Still, what I want to discuss today is a trick used by liberals, women, and more or less gay bishops all over the world: the deflection. The Bishop complains that the angry trads have insulted his own telephone operator, who is so saintly and has just lost her husband! What cruel Nazis these trads are!

Give me a break.

Firstly, the saintliness of the operator is nothing to do with the facts at hand, and is merely an emotional handle to make people look bad, or worse than bad. It is certainly wrong to abuse anybody on the phone who is innocent of denying communion on the tongue to faithful Catholics who actually care for Christ and the Sacraments. But this is wrong irrespective of the saintliness of the person abused. This is a deflection.

Secondly, I very much doubt that said, saintly switchboard operator said to the person or persons on the phone, “my dear Sir, can you please kindly consider that I am not only a saintly person, but have recently lost my husband?” Consequently, the sad bereavement of the saintly operator should really not be part of the conversation.

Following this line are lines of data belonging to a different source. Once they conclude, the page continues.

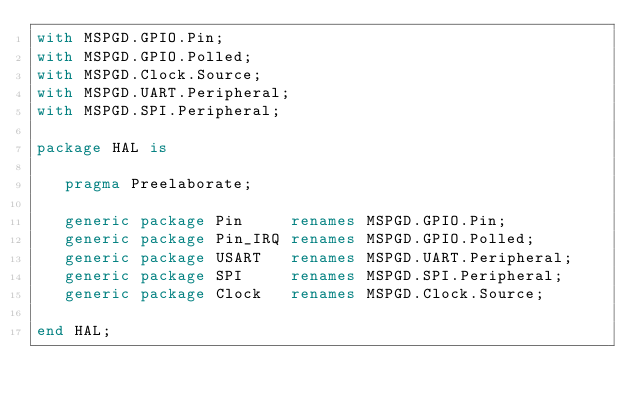<code> <loc_0><loc_0><loc_500><loc_500><_Ada_>with MSPGD.GPIO.Pin;
with MSPGD.GPIO.Polled;
with MSPGD.Clock.Source;
with MSPGD.UART.Peripheral;
with MSPGD.SPI.Peripheral;

package HAL is

   pragma Preelaborate;

   generic package Pin     renames MSPGD.GPIO.Pin;
   generic package Pin_IRQ renames MSPGD.GPIO.Polled;
   generic package USART   renames MSPGD.UART.Peripheral;
   generic package SPI     renames MSPGD.SPI.Peripheral;
   generic package Clock   renames MSPGD.Clock.Source;

end HAL;
</code> 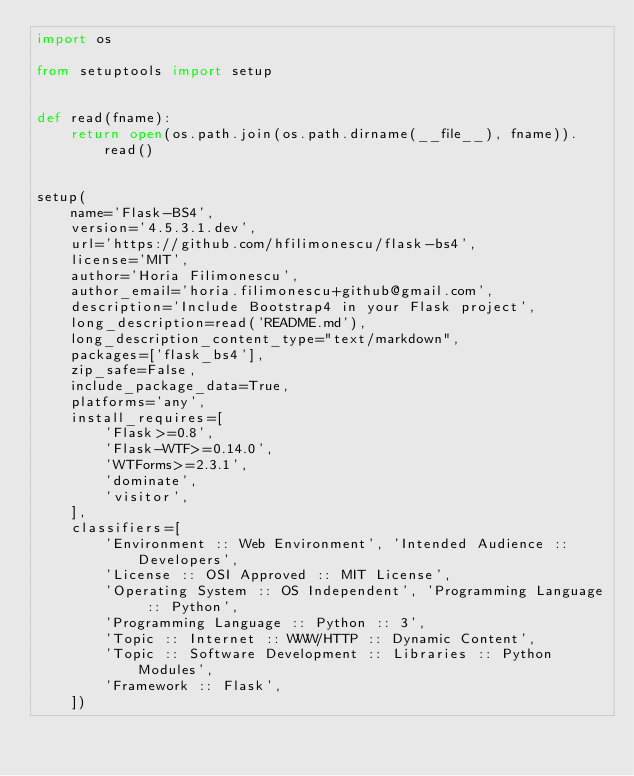Convert code to text. <code><loc_0><loc_0><loc_500><loc_500><_Python_>import os

from setuptools import setup


def read(fname):
    return open(os.path.join(os.path.dirname(__file__), fname)).read()


setup(
    name='Flask-BS4',
    version='4.5.3.1.dev',
    url='https://github.com/hfilimonescu/flask-bs4',
    license='MIT',
    author='Horia Filimonescu',
    author_email='horia.filimonescu+github@gmail.com',
    description='Include Bootstrap4 in your Flask project',
    long_description=read('README.md'),
    long_description_content_type="text/markdown",
    packages=['flask_bs4'],
    zip_safe=False,
    include_package_data=True,
    platforms='any',
    install_requires=[
        'Flask>=0.8',
        'Flask-WTF>=0.14.0',
        'WTForms>=2.3.1',
        'dominate',
        'visitor',
    ],
    classifiers=[
        'Environment :: Web Environment', 'Intended Audience :: Developers',
        'License :: OSI Approved :: MIT License',
        'Operating System :: OS Independent', 'Programming Language :: Python',
        'Programming Language :: Python :: 3',
        'Topic :: Internet :: WWW/HTTP :: Dynamic Content',
        'Topic :: Software Development :: Libraries :: Python Modules',
        'Framework :: Flask',
    ])
</code> 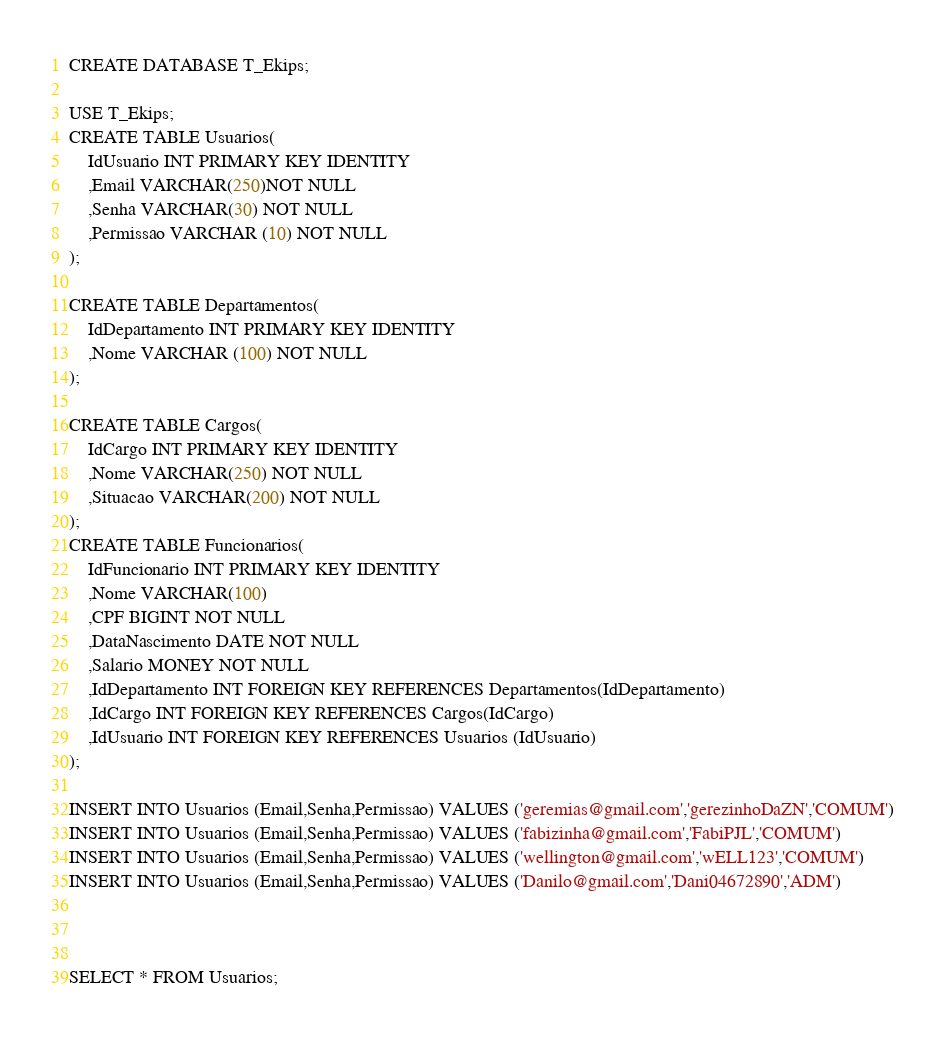Convert code to text. <code><loc_0><loc_0><loc_500><loc_500><_SQL_>CREATE DATABASE T_Ekips;

USE T_Ekips;
CREATE TABLE Usuarios(
	IdUsuario INT PRIMARY KEY IDENTITY
	,Email VARCHAR(250)NOT NULL
	,Senha VARCHAR(30) NOT NULL
	,Permissao VARCHAR (10) NOT NULL
);

CREATE TABLE Departamentos(
	IdDepartamento INT PRIMARY KEY IDENTITY
	,Nome VARCHAR (100) NOT NULL
);

CREATE TABLE Cargos(
	IdCargo INT PRIMARY KEY IDENTITY
	,Nome VARCHAR(250) NOT NULL
	,Situacao VARCHAR(200) NOT NULL
);
CREATE TABLE Funcionarios(
	IdFuncionario INT PRIMARY KEY IDENTITY
	,Nome VARCHAR(100)
	,CPF BIGINT NOT NULL
	,DataNascimento DATE NOT NULL
	,Salario MONEY NOT NULL
	,IdDepartamento INT FOREIGN KEY REFERENCES Departamentos(IdDepartamento)
	,IdCargo INT FOREIGN KEY REFERENCES Cargos(IdCargo)
	,IdUsuario INT FOREIGN KEY REFERENCES Usuarios (IdUsuario)
);

INSERT INTO Usuarios (Email,Senha,Permissao) VALUES ('geremias@gmail.com','gerezinhoDaZN','COMUM')
INSERT INTO Usuarios (Email,Senha,Permissao) VALUES ('fabizinha@gmail.com','FabiPJL','COMUM')
INSERT INTO Usuarios (Email,Senha,Permissao) VALUES ('wellington@gmail.com','wELL123','COMUM')
INSERT INTO Usuarios (Email,Senha,Permissao) VALUES ('Danilo@gmail.com','Dani04672890','ADM')



SELECT * FROM Usuarios;</code>

This is, also, a deflection.

But the third,  and most important, deflection is this: the Bishop should have addressed the matter at hand, instead of throwing mud on his critics by lamenting an episode totally unrelated to it. We all know there will always be the occasional intemperate person, and we all know this controversy is not about that.

This deflection and accusation of rudeness is, by the way, the passive aggressive stuff often seen in women: “blablablabla HE WAS RUDE!!! blablablabla”.  The issue at hand is not addressed; but hey, you are supposed to lose, because you hurt her feelings.

Bishop Stika is doing exactly this; albeit, being born with, at least physically, manly attributes, he needs a saintly switchboard operator to get his desired deflection.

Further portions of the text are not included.